How other firms see it

Firms aligned with the bullish sentiment include jpmorgan and dbank, which have raised their outlook on emerging markets alongside strengthening economic data. Conversely, firms like bofa express caution, reflecting potential geopolitical risks that could dampen the positivity.

Indicators such as commodity price movements and capital flows will be crucial to monitor as they will heavily influence the actual trajectory of the Emerging Markets narrative, particularly in USD/BRL correlations and USD/IDR dynamics.

How firms align with this view

consensus1.0750range1.04001.1200

Aligned with the desk view

Contrary positioning

Key takeaways

  • 01Emerging Markets expected to show robust growth in 2H26.
  • 02Positive GDP projections averaging around 4.5%.
  • 03Capital inflows driven by improved commodity prices.

Market implications

Watch for shifts in commodity prices, especially oil and metals, which could further support Emerging Markets.
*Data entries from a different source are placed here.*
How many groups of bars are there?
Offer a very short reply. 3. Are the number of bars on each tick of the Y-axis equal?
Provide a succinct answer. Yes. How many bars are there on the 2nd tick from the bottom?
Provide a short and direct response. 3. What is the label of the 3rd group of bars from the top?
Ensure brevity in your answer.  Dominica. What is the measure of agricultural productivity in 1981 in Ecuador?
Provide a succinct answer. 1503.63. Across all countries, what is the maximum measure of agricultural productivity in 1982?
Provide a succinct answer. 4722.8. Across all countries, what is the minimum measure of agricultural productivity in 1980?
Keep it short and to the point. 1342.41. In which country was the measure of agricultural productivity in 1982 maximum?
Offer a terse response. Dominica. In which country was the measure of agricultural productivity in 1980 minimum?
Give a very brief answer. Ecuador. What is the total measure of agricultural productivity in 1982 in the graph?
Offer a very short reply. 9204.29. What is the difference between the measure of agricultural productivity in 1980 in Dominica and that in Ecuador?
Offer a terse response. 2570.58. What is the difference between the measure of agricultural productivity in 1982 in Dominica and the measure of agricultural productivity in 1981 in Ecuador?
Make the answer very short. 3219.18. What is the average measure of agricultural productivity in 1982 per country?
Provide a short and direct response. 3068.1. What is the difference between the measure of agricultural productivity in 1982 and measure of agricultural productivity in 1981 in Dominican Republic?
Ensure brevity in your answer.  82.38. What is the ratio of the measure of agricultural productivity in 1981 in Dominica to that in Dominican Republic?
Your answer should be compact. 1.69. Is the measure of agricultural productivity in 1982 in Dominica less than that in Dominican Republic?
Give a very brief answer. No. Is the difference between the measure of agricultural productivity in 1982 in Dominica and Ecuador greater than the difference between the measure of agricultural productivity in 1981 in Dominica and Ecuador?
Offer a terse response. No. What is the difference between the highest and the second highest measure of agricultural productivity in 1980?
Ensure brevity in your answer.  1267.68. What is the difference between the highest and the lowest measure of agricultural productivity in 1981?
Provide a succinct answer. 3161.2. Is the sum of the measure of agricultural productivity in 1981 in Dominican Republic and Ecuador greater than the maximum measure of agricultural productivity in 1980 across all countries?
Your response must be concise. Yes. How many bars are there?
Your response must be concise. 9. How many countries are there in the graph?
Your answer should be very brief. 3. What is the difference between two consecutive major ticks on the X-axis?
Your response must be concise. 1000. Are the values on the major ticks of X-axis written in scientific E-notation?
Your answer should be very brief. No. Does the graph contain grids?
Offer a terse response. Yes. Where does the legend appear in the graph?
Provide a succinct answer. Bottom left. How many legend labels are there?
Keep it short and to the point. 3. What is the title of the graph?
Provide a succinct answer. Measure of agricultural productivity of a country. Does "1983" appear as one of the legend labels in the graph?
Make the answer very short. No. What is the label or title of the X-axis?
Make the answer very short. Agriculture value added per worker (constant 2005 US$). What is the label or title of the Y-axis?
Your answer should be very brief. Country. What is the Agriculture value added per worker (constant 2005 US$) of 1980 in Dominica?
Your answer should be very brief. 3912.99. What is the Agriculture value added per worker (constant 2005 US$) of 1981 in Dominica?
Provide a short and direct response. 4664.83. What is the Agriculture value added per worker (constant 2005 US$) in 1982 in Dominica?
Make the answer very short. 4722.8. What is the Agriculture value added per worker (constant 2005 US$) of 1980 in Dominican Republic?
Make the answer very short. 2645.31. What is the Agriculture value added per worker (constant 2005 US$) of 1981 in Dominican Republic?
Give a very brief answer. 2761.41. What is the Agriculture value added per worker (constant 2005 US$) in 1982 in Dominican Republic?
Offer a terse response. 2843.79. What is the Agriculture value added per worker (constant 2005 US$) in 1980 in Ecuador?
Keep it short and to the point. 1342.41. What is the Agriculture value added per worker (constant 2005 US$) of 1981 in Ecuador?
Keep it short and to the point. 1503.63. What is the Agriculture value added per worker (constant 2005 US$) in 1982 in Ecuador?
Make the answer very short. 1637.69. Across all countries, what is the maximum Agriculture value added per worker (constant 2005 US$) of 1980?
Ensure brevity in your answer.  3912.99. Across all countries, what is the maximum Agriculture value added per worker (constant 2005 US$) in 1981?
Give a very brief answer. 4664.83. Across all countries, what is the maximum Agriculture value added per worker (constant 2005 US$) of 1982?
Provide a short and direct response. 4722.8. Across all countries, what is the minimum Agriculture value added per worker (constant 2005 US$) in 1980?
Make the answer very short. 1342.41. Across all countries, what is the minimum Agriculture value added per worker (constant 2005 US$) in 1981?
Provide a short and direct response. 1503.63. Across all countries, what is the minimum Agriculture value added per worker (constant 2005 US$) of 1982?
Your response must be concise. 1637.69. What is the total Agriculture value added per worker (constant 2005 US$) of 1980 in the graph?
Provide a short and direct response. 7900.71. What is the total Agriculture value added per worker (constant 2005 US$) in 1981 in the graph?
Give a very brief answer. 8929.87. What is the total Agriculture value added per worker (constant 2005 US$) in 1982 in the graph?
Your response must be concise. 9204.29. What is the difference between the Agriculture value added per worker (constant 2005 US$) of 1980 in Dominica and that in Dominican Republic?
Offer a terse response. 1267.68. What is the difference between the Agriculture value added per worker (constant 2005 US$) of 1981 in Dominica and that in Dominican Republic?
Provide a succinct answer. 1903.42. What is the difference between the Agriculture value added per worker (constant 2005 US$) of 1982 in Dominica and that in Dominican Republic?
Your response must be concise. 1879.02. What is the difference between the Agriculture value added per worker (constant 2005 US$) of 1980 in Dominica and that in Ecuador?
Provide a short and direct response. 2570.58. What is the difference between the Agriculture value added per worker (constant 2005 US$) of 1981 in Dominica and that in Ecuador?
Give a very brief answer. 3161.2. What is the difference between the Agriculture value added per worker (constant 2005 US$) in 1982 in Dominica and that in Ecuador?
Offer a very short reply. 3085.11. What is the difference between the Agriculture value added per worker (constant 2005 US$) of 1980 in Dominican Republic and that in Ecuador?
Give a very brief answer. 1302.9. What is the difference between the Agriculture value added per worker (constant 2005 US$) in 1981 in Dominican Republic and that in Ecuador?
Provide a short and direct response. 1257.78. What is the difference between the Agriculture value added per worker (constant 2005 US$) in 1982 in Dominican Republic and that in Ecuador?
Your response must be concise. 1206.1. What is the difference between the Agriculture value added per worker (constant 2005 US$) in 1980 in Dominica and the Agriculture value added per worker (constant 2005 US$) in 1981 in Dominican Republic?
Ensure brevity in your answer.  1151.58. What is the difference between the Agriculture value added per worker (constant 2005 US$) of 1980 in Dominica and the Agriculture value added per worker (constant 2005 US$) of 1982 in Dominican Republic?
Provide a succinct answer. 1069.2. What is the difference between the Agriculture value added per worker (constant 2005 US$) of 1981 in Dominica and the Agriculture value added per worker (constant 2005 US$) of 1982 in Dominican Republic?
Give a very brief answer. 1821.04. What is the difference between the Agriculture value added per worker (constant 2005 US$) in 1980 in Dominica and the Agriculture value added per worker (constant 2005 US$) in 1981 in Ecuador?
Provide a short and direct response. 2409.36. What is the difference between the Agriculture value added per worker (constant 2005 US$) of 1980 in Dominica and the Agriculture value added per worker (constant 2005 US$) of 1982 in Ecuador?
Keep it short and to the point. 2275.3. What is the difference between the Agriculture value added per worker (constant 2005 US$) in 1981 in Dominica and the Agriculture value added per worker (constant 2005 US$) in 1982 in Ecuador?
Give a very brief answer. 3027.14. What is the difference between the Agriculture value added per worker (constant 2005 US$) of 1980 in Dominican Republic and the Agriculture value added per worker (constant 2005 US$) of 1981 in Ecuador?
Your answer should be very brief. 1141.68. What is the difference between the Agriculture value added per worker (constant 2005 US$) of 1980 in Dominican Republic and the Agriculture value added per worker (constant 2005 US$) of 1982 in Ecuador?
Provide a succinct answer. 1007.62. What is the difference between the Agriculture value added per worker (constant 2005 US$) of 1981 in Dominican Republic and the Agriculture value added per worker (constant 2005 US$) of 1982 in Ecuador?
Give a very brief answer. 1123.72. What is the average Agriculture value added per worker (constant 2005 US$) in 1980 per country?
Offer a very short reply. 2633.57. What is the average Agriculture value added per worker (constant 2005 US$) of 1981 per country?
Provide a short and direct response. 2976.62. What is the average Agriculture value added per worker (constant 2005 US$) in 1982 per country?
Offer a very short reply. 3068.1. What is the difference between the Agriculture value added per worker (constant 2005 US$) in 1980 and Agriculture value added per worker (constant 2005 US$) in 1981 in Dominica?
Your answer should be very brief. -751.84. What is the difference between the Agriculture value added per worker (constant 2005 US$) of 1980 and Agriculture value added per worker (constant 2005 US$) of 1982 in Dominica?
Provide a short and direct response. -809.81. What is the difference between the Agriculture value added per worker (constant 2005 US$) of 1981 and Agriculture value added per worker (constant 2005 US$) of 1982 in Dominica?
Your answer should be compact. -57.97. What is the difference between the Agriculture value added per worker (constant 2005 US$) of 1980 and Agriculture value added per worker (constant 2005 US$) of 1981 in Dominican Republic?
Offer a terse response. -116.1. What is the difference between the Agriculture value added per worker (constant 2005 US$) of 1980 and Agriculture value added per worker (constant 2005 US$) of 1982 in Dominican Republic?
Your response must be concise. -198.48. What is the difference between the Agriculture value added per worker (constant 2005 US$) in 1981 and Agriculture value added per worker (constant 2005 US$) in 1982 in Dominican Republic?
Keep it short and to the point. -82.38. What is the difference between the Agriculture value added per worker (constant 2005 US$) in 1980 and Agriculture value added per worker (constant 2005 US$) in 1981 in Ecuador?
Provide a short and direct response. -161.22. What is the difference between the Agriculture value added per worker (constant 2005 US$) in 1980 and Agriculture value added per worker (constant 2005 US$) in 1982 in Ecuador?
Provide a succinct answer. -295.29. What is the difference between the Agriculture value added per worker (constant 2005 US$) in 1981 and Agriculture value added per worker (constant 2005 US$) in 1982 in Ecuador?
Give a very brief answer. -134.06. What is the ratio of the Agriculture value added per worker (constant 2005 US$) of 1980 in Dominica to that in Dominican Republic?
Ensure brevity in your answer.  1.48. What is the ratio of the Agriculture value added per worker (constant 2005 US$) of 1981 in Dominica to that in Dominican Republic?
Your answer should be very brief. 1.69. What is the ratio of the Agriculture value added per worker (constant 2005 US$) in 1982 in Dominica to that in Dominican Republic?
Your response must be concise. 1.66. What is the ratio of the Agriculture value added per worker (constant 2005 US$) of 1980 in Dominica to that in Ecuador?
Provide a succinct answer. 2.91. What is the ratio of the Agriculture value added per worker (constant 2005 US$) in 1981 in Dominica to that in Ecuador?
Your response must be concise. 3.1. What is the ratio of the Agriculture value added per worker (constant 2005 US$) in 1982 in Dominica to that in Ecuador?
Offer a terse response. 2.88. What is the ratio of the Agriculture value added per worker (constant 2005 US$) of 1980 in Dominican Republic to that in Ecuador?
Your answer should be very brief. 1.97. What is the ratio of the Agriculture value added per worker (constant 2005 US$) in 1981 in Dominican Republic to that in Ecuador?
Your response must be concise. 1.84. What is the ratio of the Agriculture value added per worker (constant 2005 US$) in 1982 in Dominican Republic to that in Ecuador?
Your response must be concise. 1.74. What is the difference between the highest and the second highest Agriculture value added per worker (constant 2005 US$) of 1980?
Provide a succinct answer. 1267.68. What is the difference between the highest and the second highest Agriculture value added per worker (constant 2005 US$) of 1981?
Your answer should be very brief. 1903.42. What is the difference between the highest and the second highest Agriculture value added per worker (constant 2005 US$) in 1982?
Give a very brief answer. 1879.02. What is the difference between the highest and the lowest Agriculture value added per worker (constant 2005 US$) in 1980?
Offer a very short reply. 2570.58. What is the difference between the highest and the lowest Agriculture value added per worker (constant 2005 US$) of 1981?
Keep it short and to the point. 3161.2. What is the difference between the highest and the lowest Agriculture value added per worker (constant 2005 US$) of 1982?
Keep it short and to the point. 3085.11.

Pay attention to USD/BRL and USD/IDR movements as they often signal investor confidence or concern.

Risks to this view

Geopolitical tensions or unexpected shifts in central bank policies could derail this positive outlook and force a reassessment of emerging market investments, particularly if inflationary pressures compel tightening measures.

Luis Oganes, Nora Szentivanyi, Anezka Christovova & Ben Ramsey discuss the outlook for Emerging Markets for 2H26. This podcast was recorded on 15 June 2026. This communication is provided for information purposes only.

Institutional clients can view the related report at https://www.jpmm.com/research/content/GPS-5324914-0 for more information; please visit www.jpmm.com/research/disclosures for important disclosures. © 2026 JPMorgan Chase & Co. All rights reserved. This material or any portion hereof may not be reprinted, sold or redistributed without the written consent of J.P.

Morgan. It is strictly prohibited to use or share without prior written consent from J.P. Morgan any research material received from J.P.

Morgan or an authorized third-party (“J.P. Morgan Data”) in any third-party artificial intelligence (“AI”) systems or models when such J.P. Morgan Data is accessible by a third-party.